Refer to the framework diagram comparing block decoding with WeDLM’s streaming approach. Block decoding requires the entire block to be finalized before any token can be cached, leading to pipeline bubbles. In contrast, WeDLM’s streaming method commits tokens as soon as they are resolved, enabling continuous parallel prediction. The authors further enhance left-to-right growth by applying a distance-penalized entropy selection rule, which prioritizes earlier positions for prediction, thereby maximizing prefix cacheability pcache.

Experiment
- WeDLM consistently matches or exceeds its autoregressive base models in generation quality, especially on reasoning and code tasks, while significantly outperforming prior diffusion language models.

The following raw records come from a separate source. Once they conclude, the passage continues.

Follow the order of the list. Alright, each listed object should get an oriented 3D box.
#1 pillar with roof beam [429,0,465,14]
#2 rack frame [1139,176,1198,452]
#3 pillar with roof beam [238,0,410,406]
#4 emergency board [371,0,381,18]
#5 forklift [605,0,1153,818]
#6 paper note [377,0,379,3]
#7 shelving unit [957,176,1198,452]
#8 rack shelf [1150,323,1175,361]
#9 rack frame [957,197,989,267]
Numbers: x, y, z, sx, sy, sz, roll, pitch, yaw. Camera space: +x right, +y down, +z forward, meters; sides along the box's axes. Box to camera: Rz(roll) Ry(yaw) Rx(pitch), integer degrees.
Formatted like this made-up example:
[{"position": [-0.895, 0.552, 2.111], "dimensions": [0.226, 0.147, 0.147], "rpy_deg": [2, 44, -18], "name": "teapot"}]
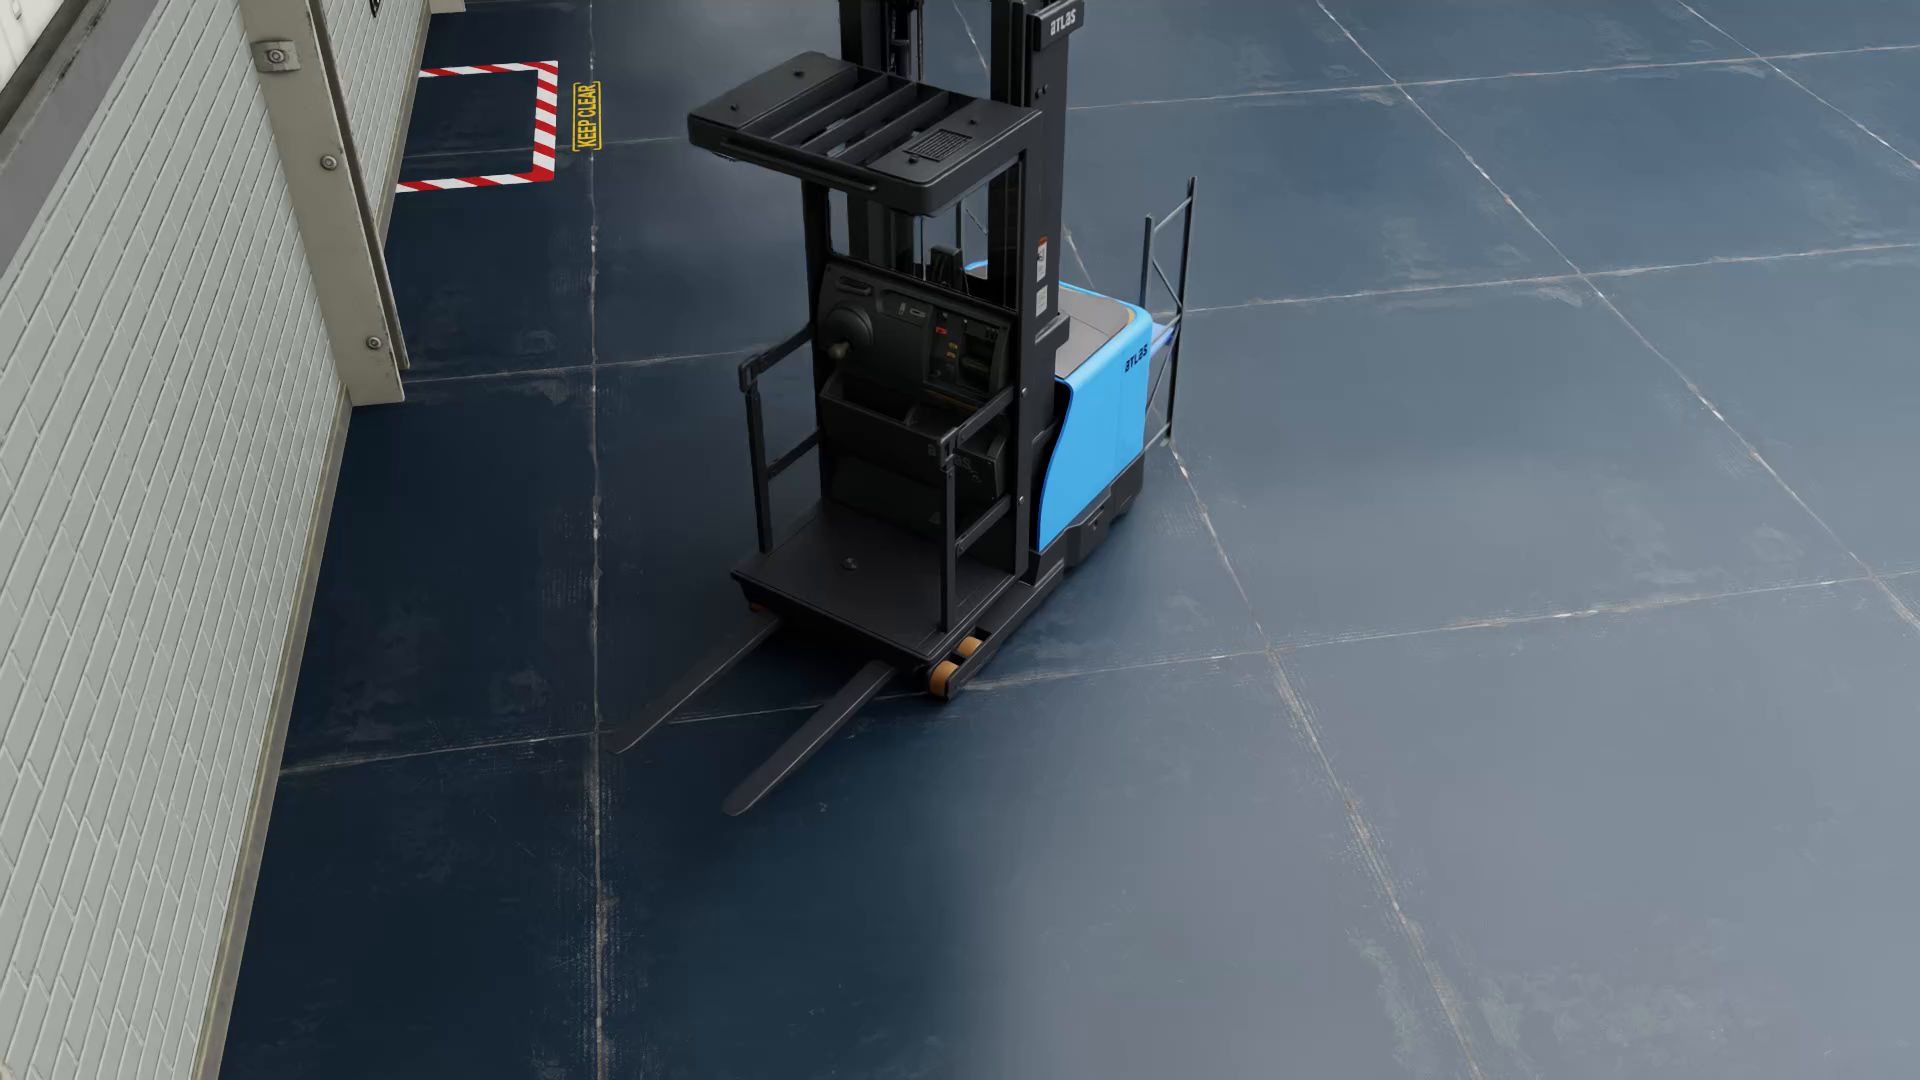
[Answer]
[{"position": [-0.054, -8.505, 11.762], "dimensions": [9.100, 9.000, 0.400], "rpy_deg": [-6, 38, -8], "name": "pillar with roof beam"}, {"position": [0.993, -1.014, 8.233], "dimensions": [0.032, 1.500, 0.500], "rpy_deg": [21, 42, 24], "name": "rack frame"}, {"position": [0.997, -4.881, 7.097], "dimensions": [9.100, 9.000, 0.400], "rpy_deg": [-6, 38, -8], "name": "pillar with roof beam"}, {"position": [-3.914, -4.168, 11.070], "dimensions": [0.157, 1.169, 0.626], "rpy_deg": [-6, 38, -8], "name": "emergency board"}, {"position": [-0.316, -0.798, 6.788], "dimensions": [1.130, 2.935, 3.031], "rpy_deg": [22, 43, 26], "name": "forklift"}, {"position": [-3.934, -3.713, 11.203], "dimensions": [0.016, 0.148, 0.142], "rpy_deg": [-6, 38, -8], "name": "paper note"}, {"position": [0.559, -1.177, 8.442], "dimensions": [1.048, 1.500, 0.538], "rpy_deg": [21, 42, 24], "name": "shelving unit"}, {"position": [0.559, -1.035, 8.553], "dimensions": [1.000, 0.185, 0.538], "rpy_deg": [21, 42, 24], "name": "rack shelf"}, {"position": [0.126, -1.340, 8.652], "dimensions": [0.032, 1.500, 0.500], "rpy_deg": [21, 42, 24], "name": "rack frame"}]
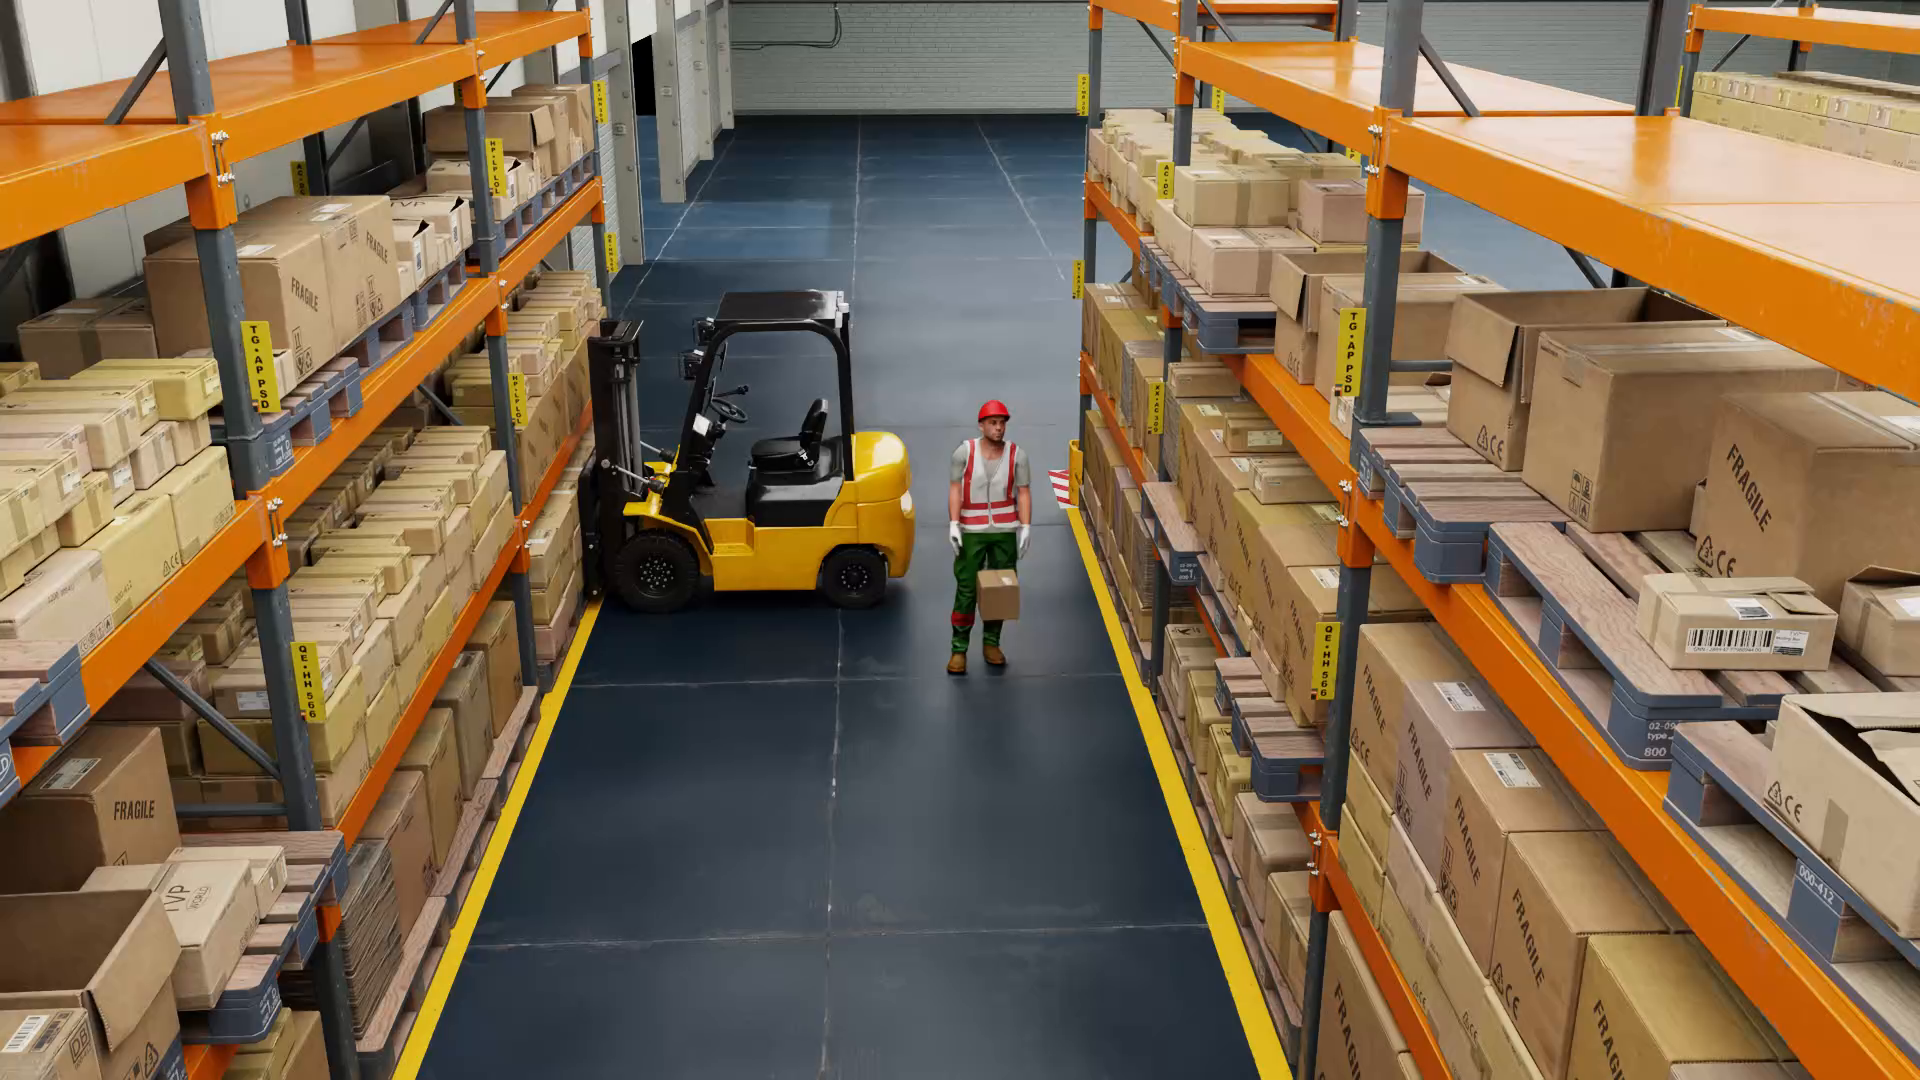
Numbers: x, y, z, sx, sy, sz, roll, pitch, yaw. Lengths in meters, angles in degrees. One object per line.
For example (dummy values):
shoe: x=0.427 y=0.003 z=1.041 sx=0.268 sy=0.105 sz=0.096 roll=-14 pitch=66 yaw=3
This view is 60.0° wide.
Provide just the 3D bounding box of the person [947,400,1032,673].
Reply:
person: x=0.192 y=-0.029 z=11.097 sx=0.597 sy=1.789 sz=0.562 roll=-2 pitch=20 yaw=-5
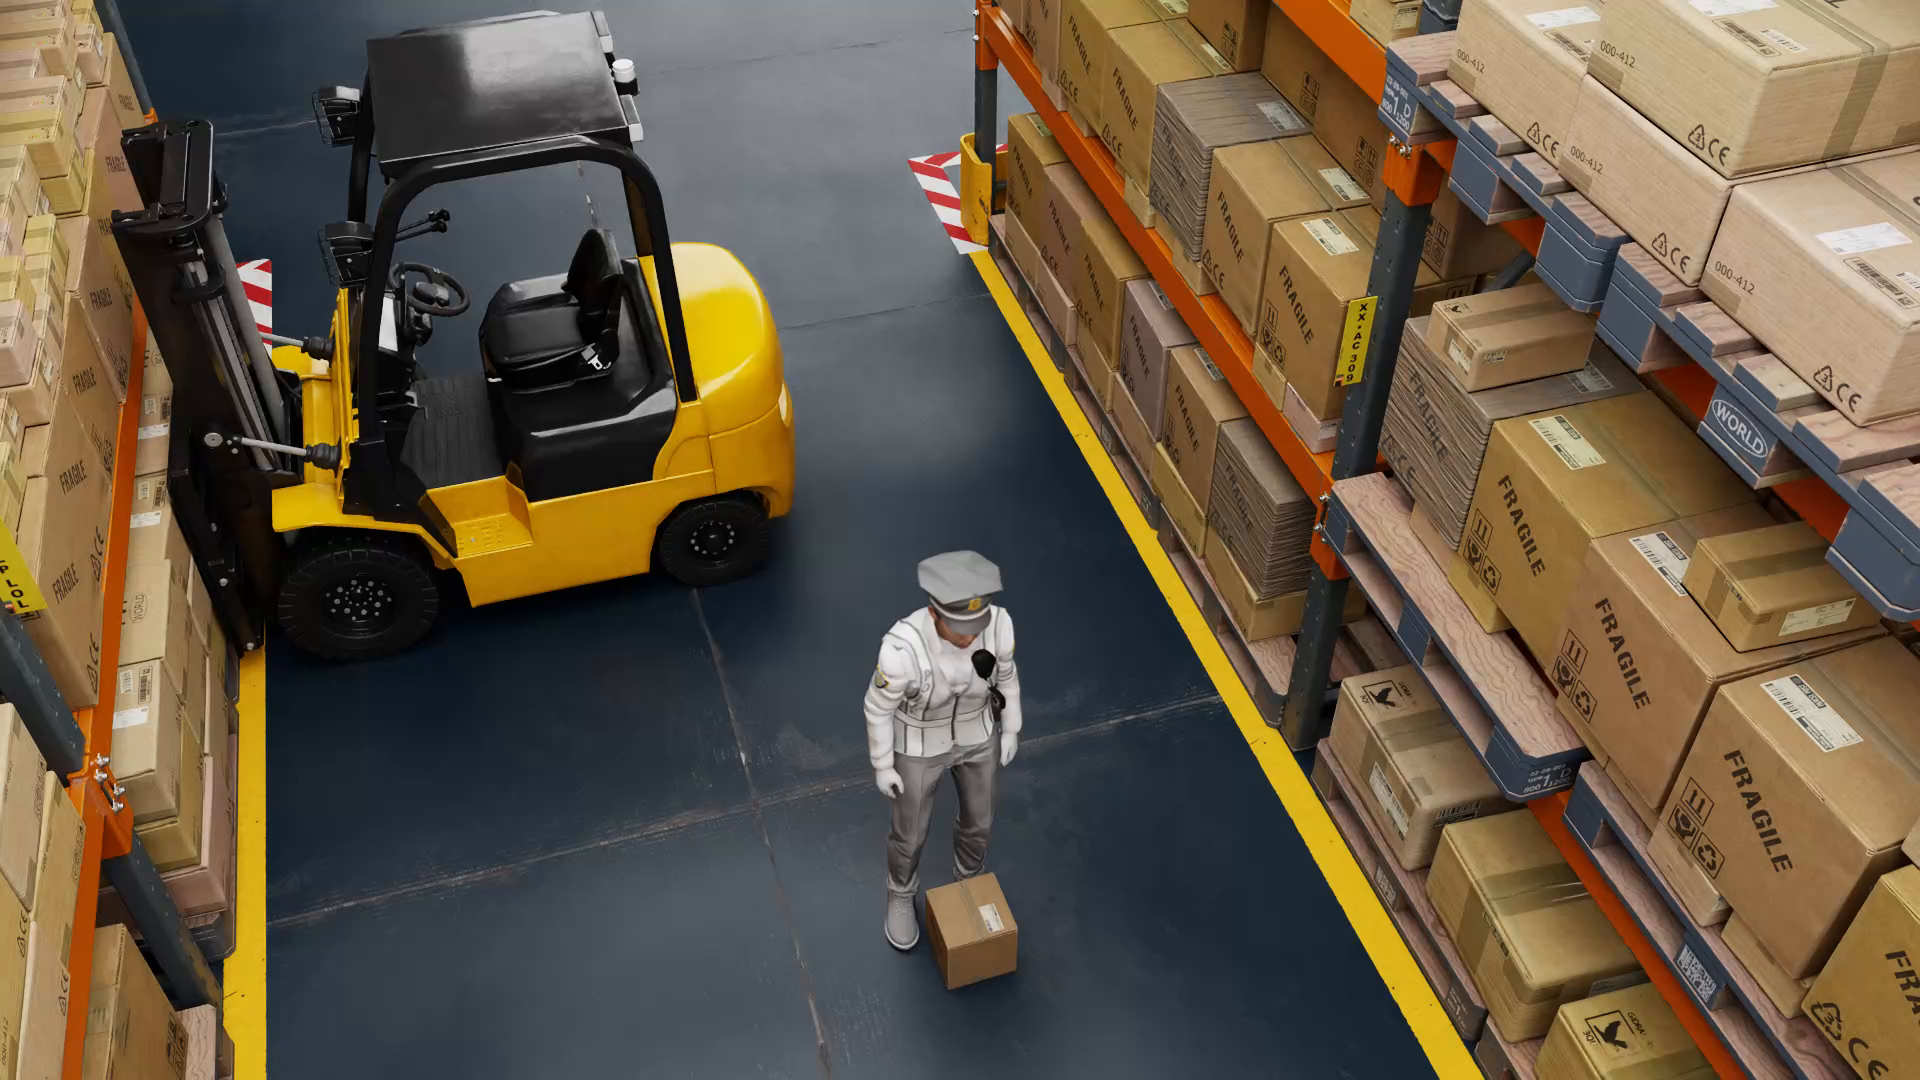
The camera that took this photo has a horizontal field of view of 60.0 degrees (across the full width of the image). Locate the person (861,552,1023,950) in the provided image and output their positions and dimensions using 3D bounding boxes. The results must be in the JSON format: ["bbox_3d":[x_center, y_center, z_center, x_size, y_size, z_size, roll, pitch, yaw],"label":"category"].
[{"bbox_3d":[-0.048,0.674,5.422,0.529,1.663,0.374,-12,44,-13],"label":"person"}]
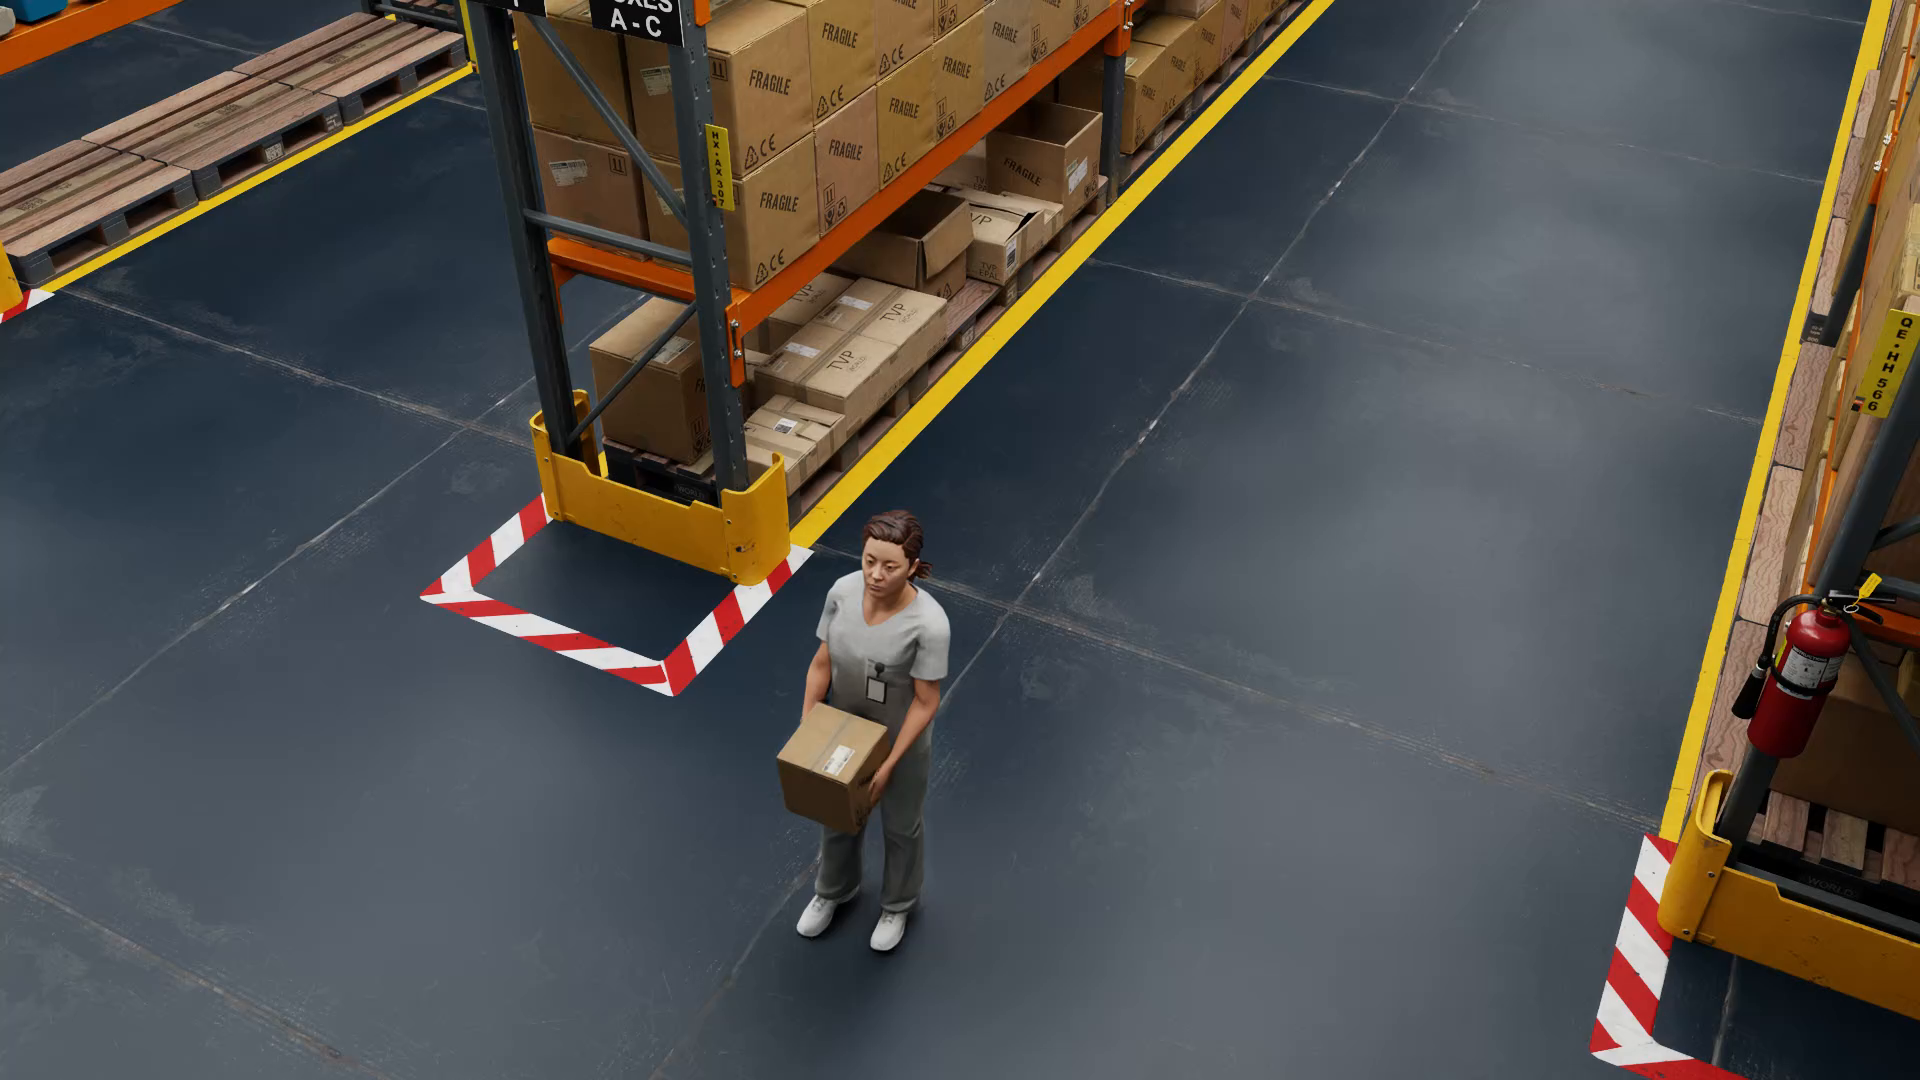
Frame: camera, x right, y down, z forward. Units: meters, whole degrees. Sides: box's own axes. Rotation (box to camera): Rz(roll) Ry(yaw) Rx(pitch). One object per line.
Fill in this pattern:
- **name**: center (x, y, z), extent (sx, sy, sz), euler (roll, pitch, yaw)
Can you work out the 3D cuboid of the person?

- Instruct-tuned WeDLM models show strong gains over AR baselines on complex reasoning and coding benchmarks, confirming compatibility with instruction tuning and potential for performance amplification.
- Inference efficiency is highly tunable: streaming decoding and left-position biasing improve speed via better prefix caching, with flexible trade-offs between accuracy and throughput.
- Ablation studies reveal robustness to block size, superiority of causal intra-block attention for caching and performance, and stronger adaptation gains in larger base models.
- Generation speed varies sharply by task entropy: deterministic or structured tasks enable 8x+ speedups, while high-entropy open-ended generation shows limited acceleration, highlighting a key area for future improvement.
The authors use WeDLM to enhance base autoregressive models, achieving higher average scores than both their AR counterparts and prior diffusion language models across reasoning, math, and code benchmarks. Results show consistent gains in math and code tasks, with WeDLM-8B outperforming all compared models in several high-difficulty categories, while maintaining competitive performance in general reasoning. The method demonstrates that diffusion-style training can preserve and even improve upon the capabilities of strong AR checkpoints without compromising inference efficiency.

The authors use WeDLM to enhance autoregressive base models through diffusion-style training and parallel decoding, achieving consistent gains over both AR and diffusion baselines on reasoning and code generation tasks. Results show that WeDLM-8B-Instruct outperforms its AR counterpart and all compared diffusion models, particularly on challenging benchmarks like GPQA-Diamond and HumanEval, while maintaining flexibility in speed-accuracy trade-offs during inference. The method demonstrates that diffusion objectives can complement instruction tuning without compromising performance, especially when starting from strong base models.